I am not sure what the COMBINE does.
Does the BIDI parameter only affect sort/search?
Thanks,
Greg

>>>>>
Sent: Tuesday, November 10, 2015 1:10 AM
Subject: U+1885 / U+1886 changed from Letter to Mark

I had said earlier that the two Baludas (U+1885/1886) would probably be better processed as marks rather than letters.
I find the following differences between the two Baludas and the one unquestionable mark in the Mongolian block – U+18A9 Dagalga …



U+18A9

U+1885/1886

CATEGORY

Mark, Nonspacing (MN)

Letter, Other

COMBINE

228

0 what does this do?

BIDI

Non-Spacing Mark

Left-to-Right

Character.getDirectionality()

Directionality_Nonspacing_Mark[8]

Left_to_Right 0

Character.getType()

6

5

Character.isJavaIdentifierStart()

No

Yes

Character.isLetter()

No

Yes

Character.isLetterOrDigit()

No

Yes

Character.isUnicodeIdentifierStart()

No

Yes


Given that the Baluda stations itself to the right of an existent vertical letter in similar fashion to the Dagalga stationing itself on the left side of the given vertical letter, I would say that we recommend redefining the features associated with the two Baludas to match the Dagalga.
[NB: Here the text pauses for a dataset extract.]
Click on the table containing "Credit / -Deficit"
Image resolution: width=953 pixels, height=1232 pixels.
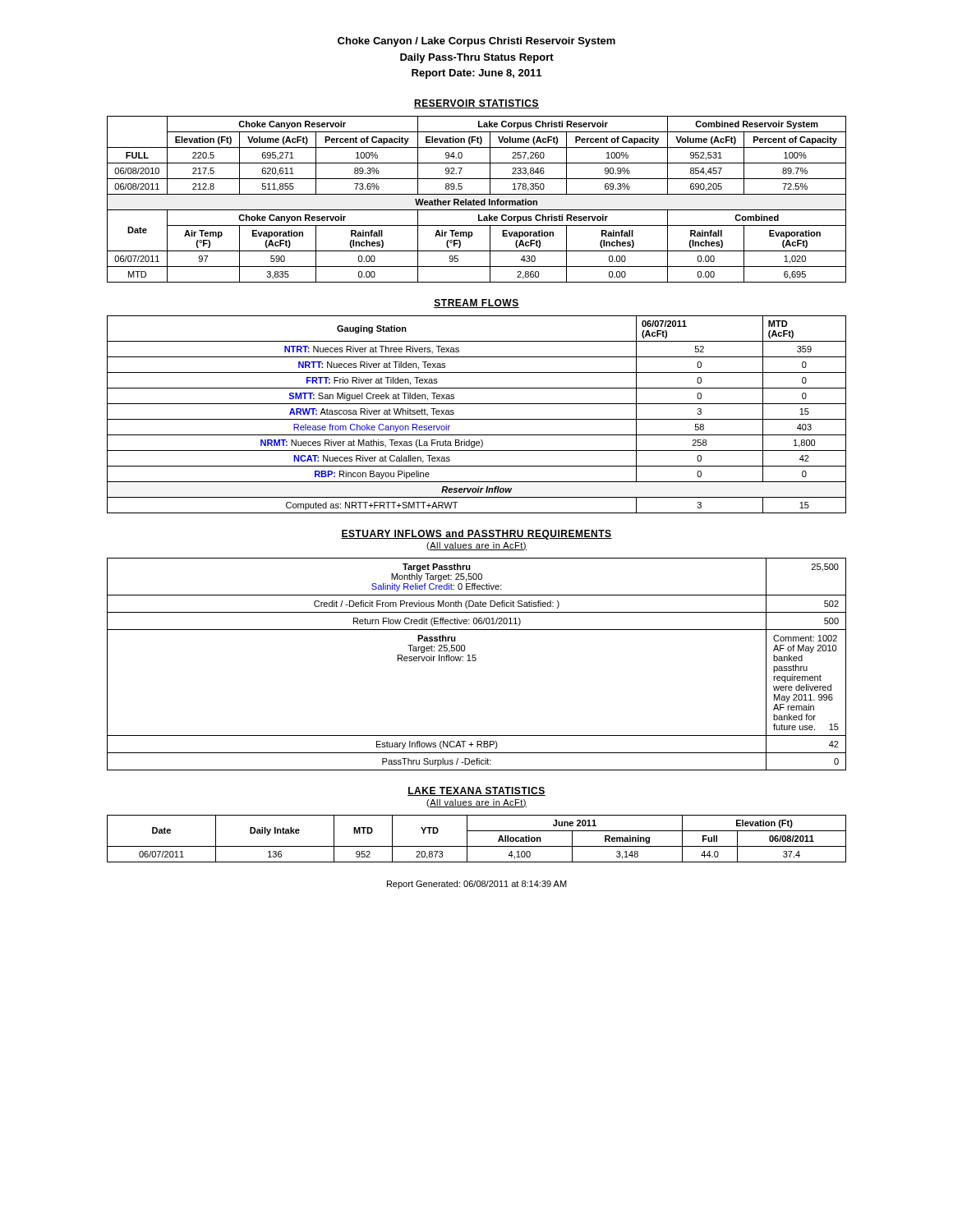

Then test it to verify that shaping behavior is as expected.

If we made the above changes to the feature set of the U+1885/1886 would this allow us to shape the Baludas like we do the Dagalga?

ArabicShaping.txt does not seem to make any distinction between the mark U+18A9 and the two Baludas.

Greg
>>>>>

Received on Tuesday, 17 November 2015 02:10:52 UTC